%%
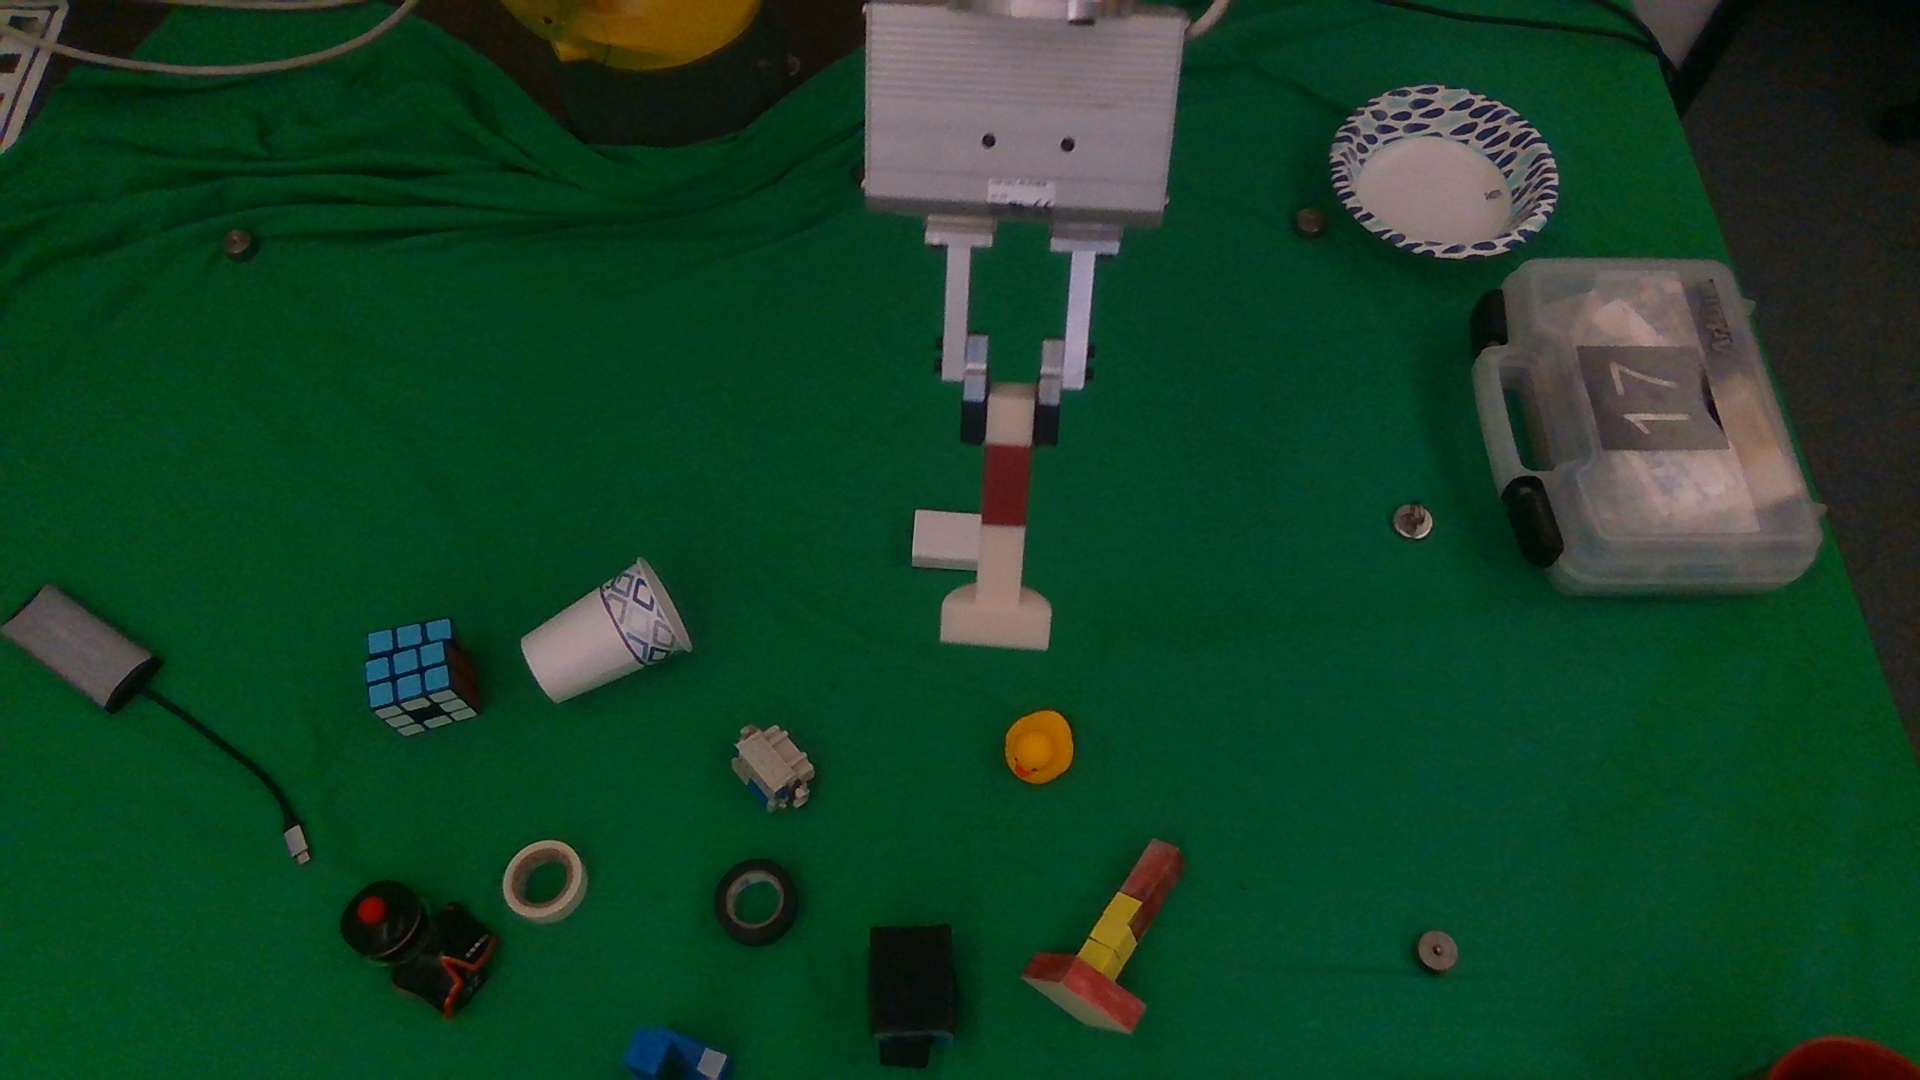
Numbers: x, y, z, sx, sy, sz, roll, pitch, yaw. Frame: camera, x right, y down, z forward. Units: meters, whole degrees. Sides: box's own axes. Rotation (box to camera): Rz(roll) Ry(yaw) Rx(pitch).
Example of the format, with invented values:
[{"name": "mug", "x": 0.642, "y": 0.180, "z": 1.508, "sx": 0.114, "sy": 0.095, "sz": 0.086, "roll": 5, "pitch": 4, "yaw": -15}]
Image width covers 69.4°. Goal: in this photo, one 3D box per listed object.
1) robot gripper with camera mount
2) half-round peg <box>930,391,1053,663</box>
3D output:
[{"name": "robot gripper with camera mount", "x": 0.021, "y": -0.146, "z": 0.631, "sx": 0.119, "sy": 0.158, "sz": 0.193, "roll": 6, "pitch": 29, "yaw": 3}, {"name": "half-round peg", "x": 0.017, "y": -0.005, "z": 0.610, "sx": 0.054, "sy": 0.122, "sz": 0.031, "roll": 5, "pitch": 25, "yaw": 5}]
%%
%%
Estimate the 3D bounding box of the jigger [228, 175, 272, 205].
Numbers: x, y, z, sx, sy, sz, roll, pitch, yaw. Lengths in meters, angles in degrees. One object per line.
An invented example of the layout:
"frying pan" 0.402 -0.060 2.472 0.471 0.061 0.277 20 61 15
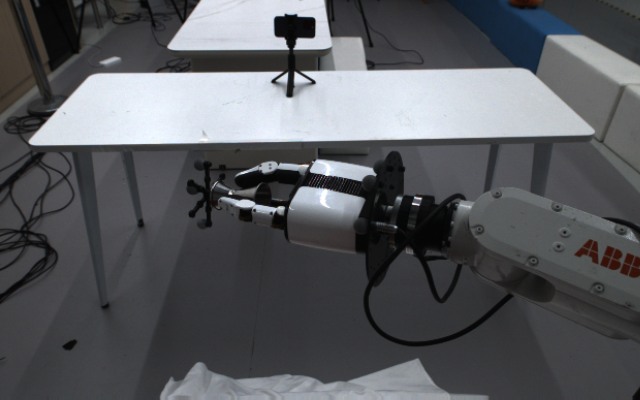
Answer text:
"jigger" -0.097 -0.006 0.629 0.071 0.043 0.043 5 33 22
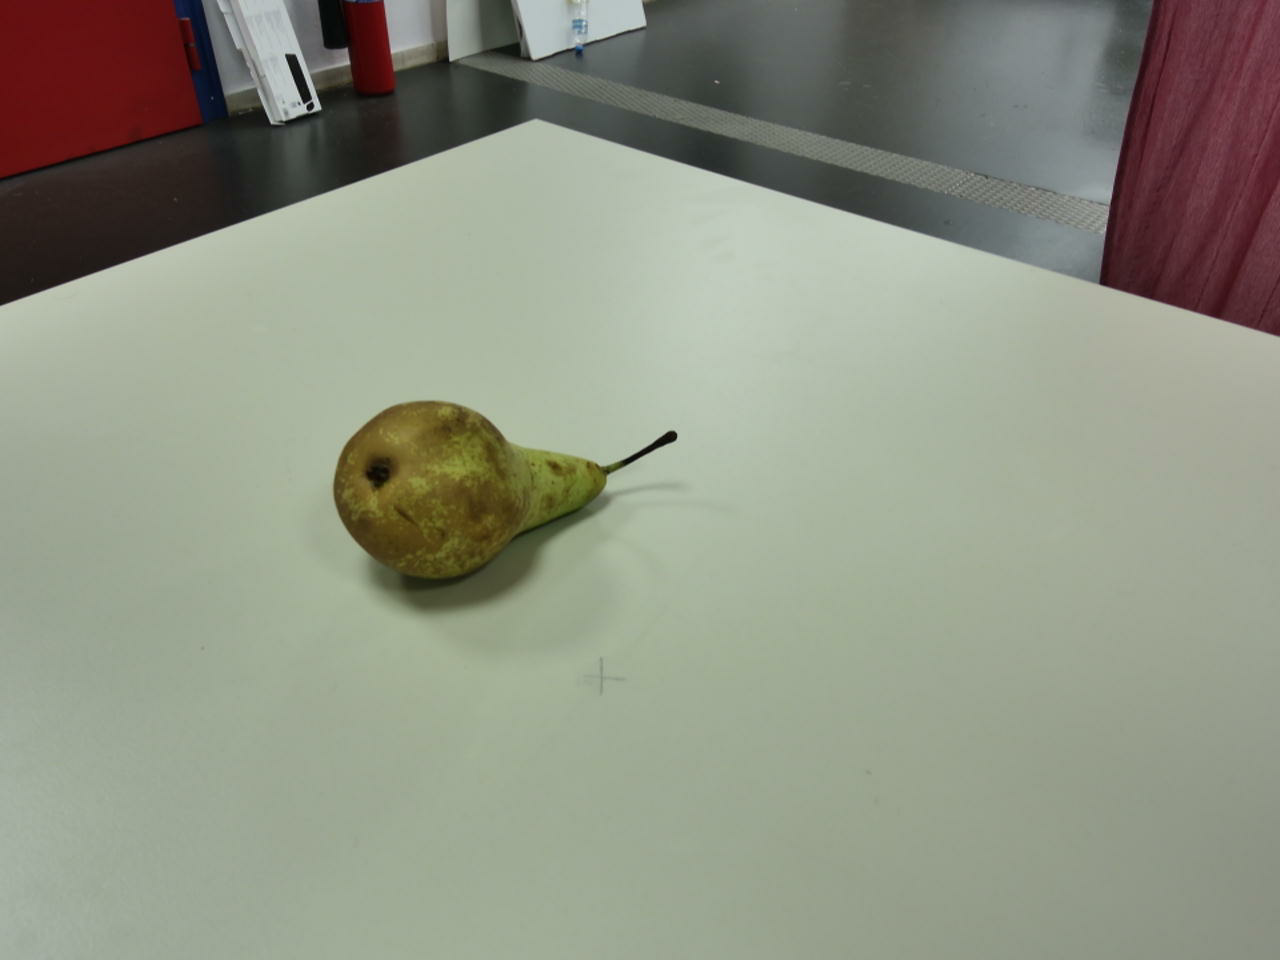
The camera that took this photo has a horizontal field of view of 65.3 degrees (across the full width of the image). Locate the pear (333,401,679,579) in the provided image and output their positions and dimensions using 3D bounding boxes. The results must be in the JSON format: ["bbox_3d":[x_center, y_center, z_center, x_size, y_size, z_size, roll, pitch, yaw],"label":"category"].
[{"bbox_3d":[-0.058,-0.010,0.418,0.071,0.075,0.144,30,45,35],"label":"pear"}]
%%
%%
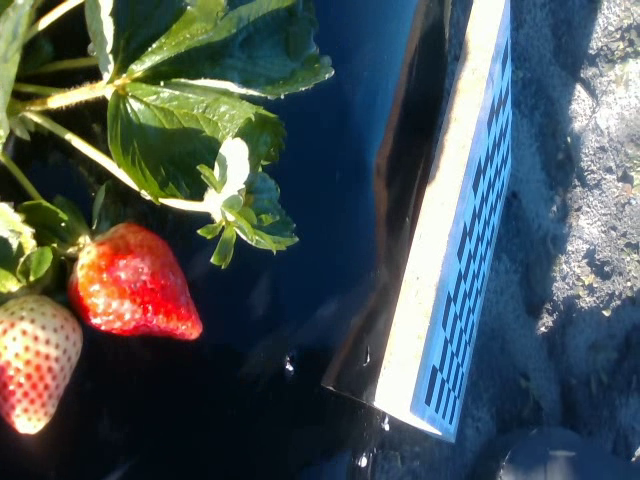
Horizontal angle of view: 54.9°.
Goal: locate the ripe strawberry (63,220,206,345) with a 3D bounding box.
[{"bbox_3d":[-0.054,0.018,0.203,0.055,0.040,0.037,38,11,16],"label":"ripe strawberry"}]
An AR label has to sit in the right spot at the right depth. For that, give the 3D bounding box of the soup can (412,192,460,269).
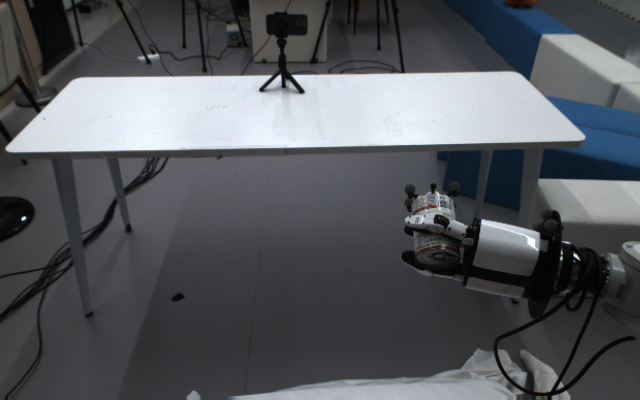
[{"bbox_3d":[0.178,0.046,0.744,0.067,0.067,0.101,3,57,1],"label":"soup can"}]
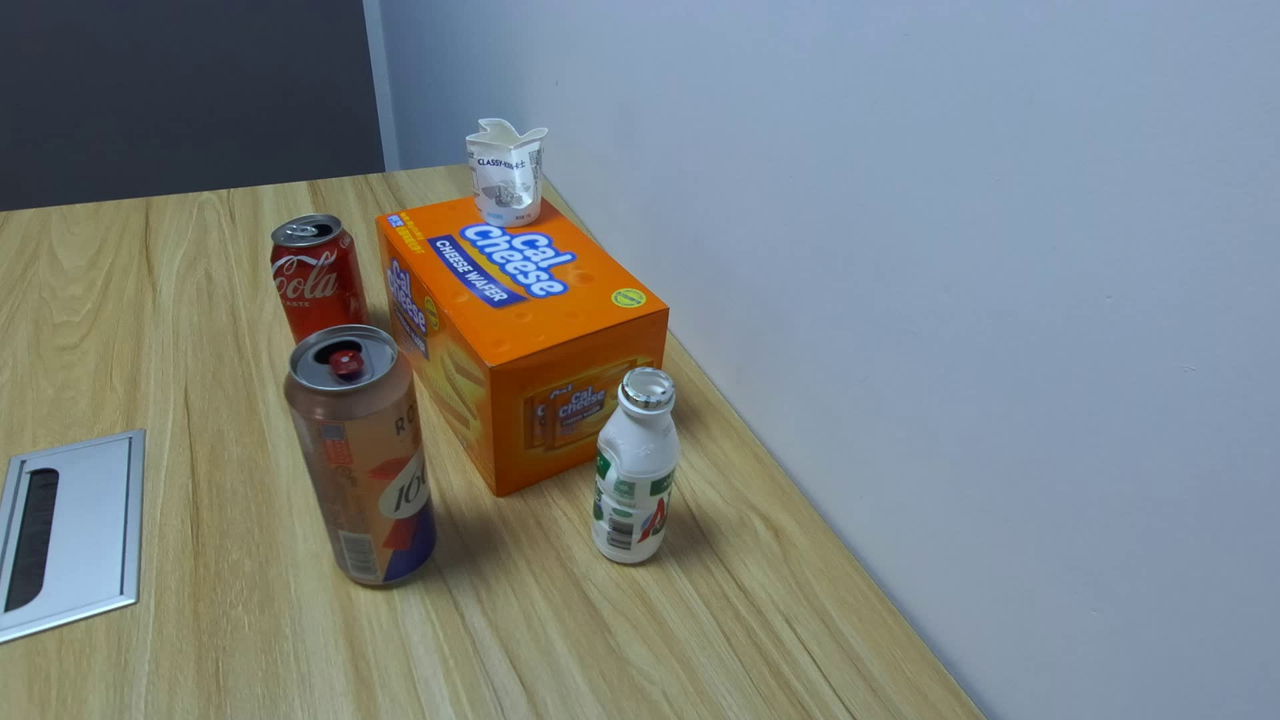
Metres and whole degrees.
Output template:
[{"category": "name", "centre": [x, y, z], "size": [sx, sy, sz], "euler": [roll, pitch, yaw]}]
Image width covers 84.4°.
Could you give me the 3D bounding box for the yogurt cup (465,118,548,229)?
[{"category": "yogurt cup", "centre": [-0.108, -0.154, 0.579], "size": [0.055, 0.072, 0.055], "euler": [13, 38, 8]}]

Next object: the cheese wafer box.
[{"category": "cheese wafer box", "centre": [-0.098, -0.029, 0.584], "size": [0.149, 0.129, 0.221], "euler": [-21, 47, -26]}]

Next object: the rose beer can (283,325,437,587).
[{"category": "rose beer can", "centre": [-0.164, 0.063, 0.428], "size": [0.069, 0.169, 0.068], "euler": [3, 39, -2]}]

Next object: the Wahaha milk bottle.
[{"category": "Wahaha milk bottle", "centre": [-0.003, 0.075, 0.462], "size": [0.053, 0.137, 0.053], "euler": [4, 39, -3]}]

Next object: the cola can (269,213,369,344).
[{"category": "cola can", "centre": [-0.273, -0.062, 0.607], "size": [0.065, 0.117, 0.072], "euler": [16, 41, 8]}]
%%
#### Task details:
Where a line of the data above includes the string "Numbers", pull it out.

#### Task output:
Numbers: x, y, z, sx, sy, sz, roll, pitch, yaw. Frame: camera, x right, y down, z forward. Units: meters, whole degrees. Sides: box's own axes. Rotation (box to camera): Rz(roll) Ry(yaw) Rx(pitch).
Numbers: x, y, z, sx, sy, sz, roll, pitch, yaw. Lengths in meters, angles in degrees. One object per line.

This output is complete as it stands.